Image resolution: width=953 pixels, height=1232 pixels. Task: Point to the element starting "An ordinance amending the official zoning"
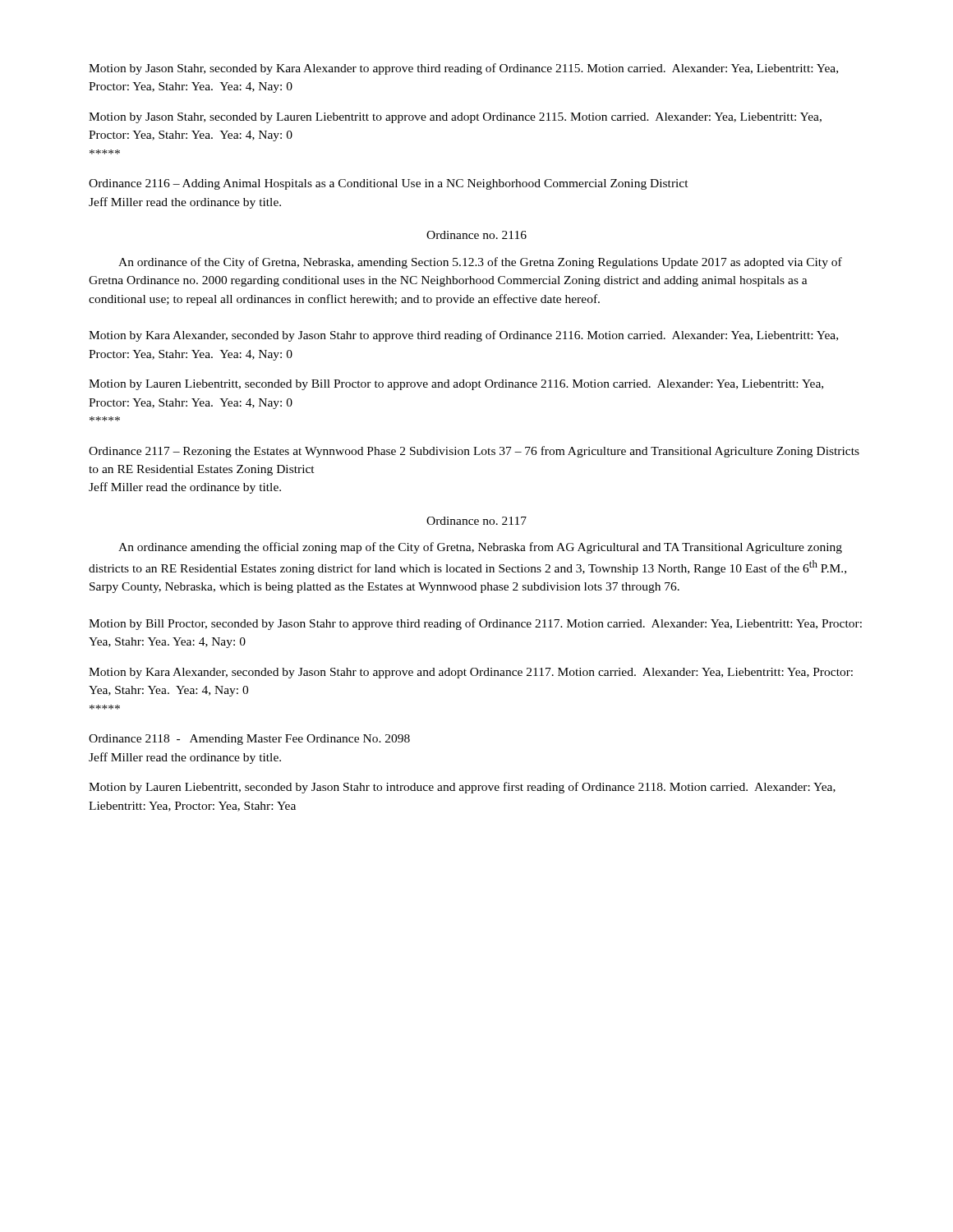(468, 567)
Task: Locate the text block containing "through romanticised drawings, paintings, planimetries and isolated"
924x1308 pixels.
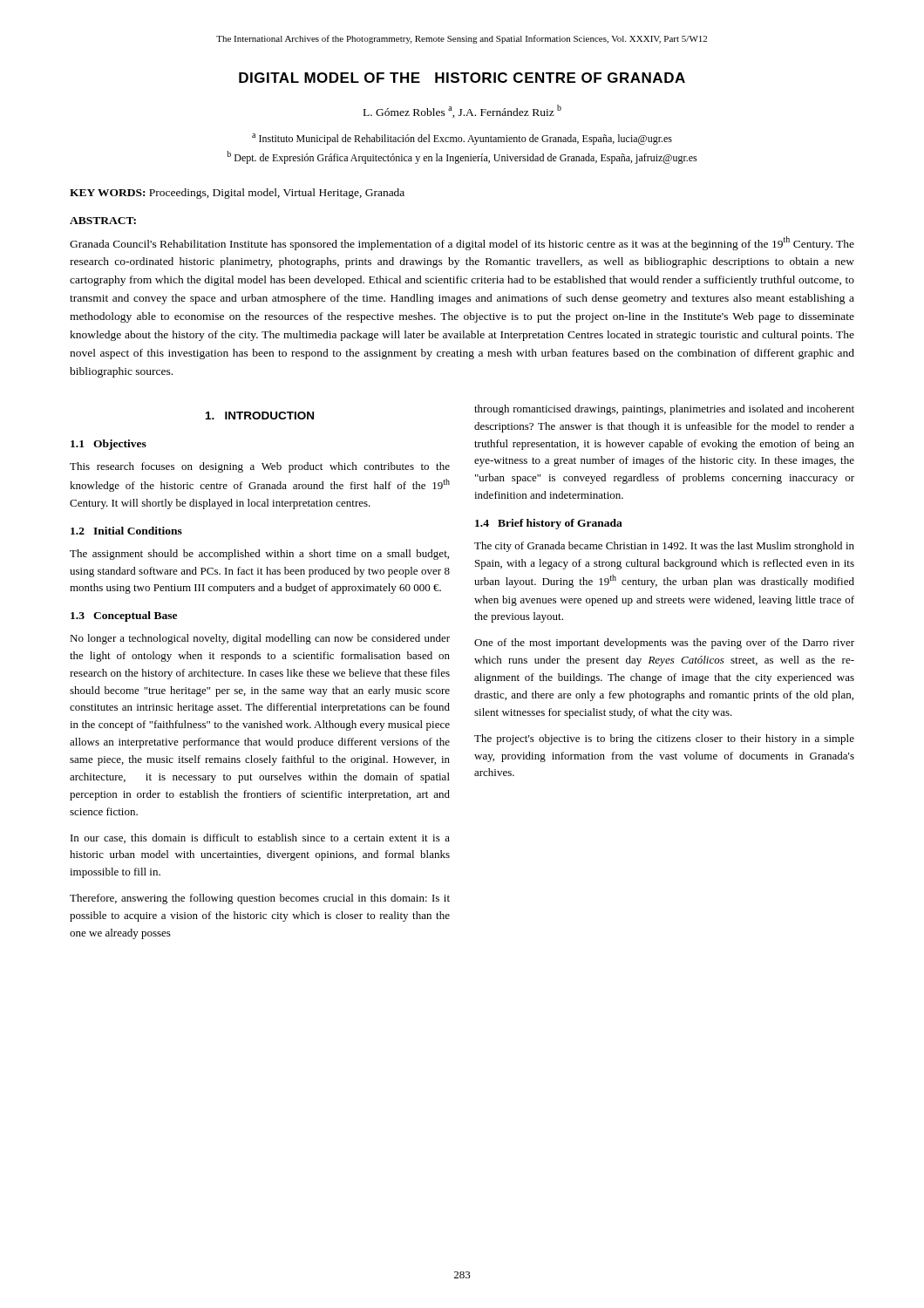Action: pos(664,452)
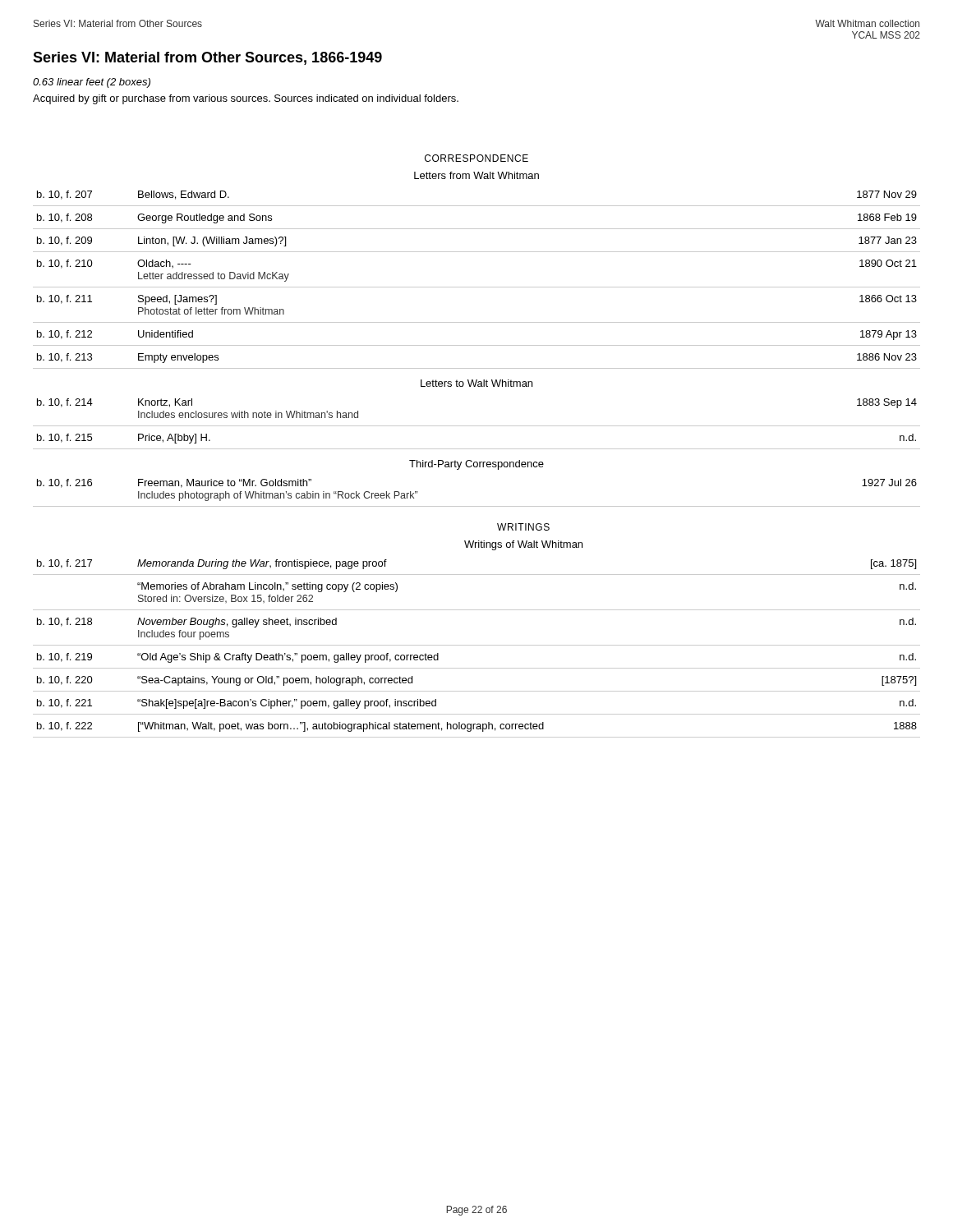This screenshot has width=953, height=1232.
Task: Locate the table with the text "1879 Apr 13"
Action: 476,276
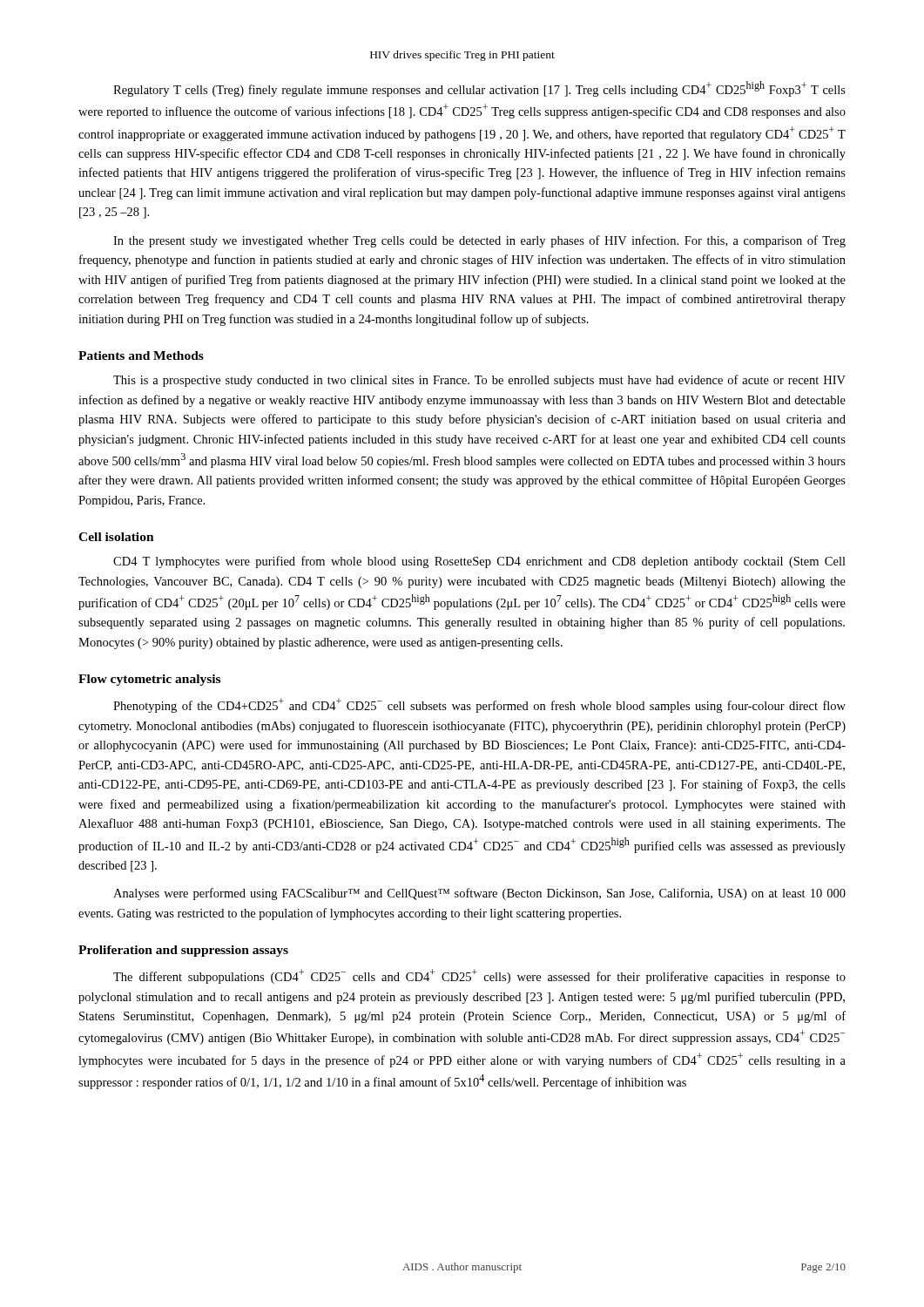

| Aim of the task |
None of the pictures belong in the copy; repeat all other material exactly.

| Written solution |
Image resolution: width=953 pixels, height=1232 pixels. Task: Point to the element starting "An ordinance amending the official zoning"
(468, 567)
Task: Locate the text block containing "through romanticised drawings, paintings, planimetries and isolated"
924x1308 pixels.
Action: pos(664,452)
This screenshot has width=953, height=1232.
Task: Locate the table with the text "1879 Apr 13"
Action: 476,276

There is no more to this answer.